The pathways controlling NF-κB are complex, Brasier says, and can be induced by a number of different substances, including viruses and regulatory proteins and peptides. “All of these pathways activate different subsets of the NF-κB proteins with different kinetics, and are mediated by different intracellular signaling cascades,” he says. How much each cell activates NF-κB and responds to it can vary significantly. This variation may have important consequences for the evolution of the inflammatory response.

Brasier says his group already uses biochemical approaches to determine the pathway structures. “Where Bert will have a major impact is to identify the key steps regulating those pathways,” he adds.

With a pilot grant from a joint UTMB-Sandia institute, “We’re in the process of collecting data and evaluating published models,” Brasier says. “Right now, Bert is focusing on identifying which parameters in the models are most important that need to have additional measurements made. This is a repeating process of modeling, experimental observations, refining the models, et cetera.”

This type of dynamic understanding of the pathway behavior isn’t possible without Debusschere’s computational insight, Brasier says.
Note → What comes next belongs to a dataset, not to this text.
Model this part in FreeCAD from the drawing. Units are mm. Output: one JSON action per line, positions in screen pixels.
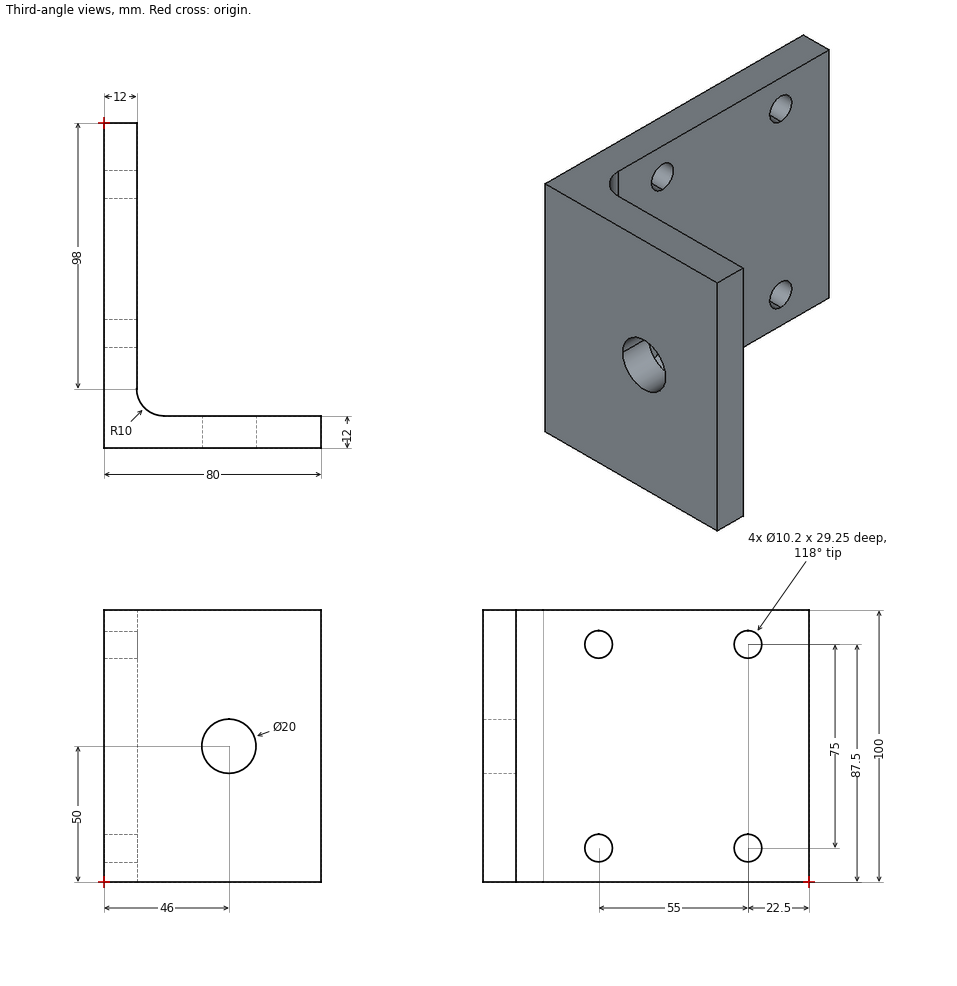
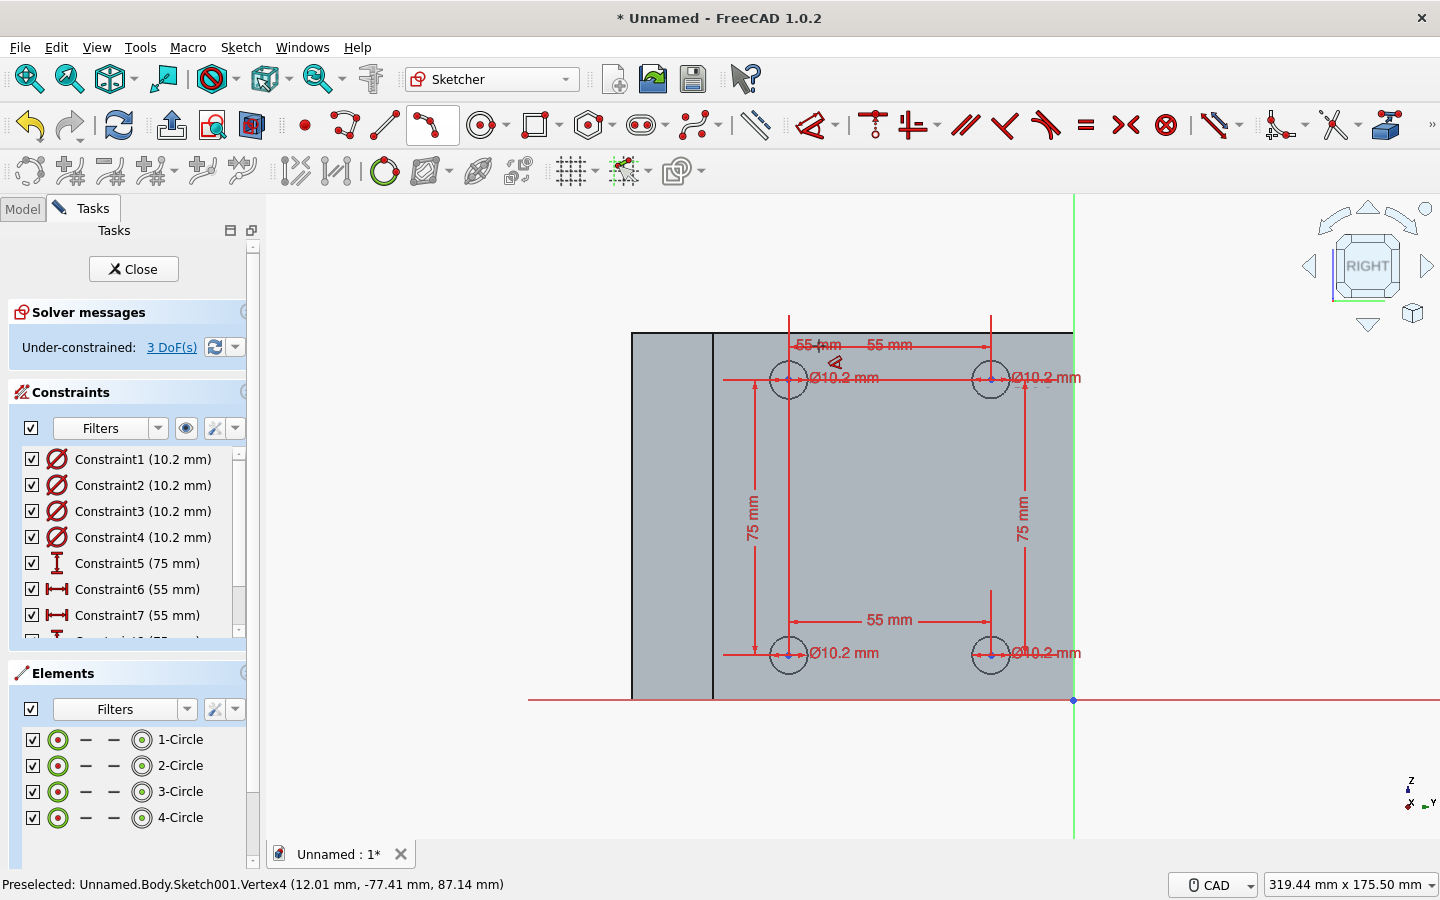
{"action": "left_click", "coordinate": [789, 655]}

The methods Debusschere and his fellow researchers have developed also could soon see wider use through an uncertainty quantification toolkit. The methods could help researchers understand how much confidence they can have in results from their computational models.

“We’re working on putting together a toolkit that gathers all these things and makes them available to the general user in the (computational science) community,” Debusschere says. The group hopes to release it later in 2009 as open-source software.

“The toolkit is something we have worked on with a lot of people in this area,” he says. “It’s not the product of one specific project but it has contributions from every project that used PCEs.”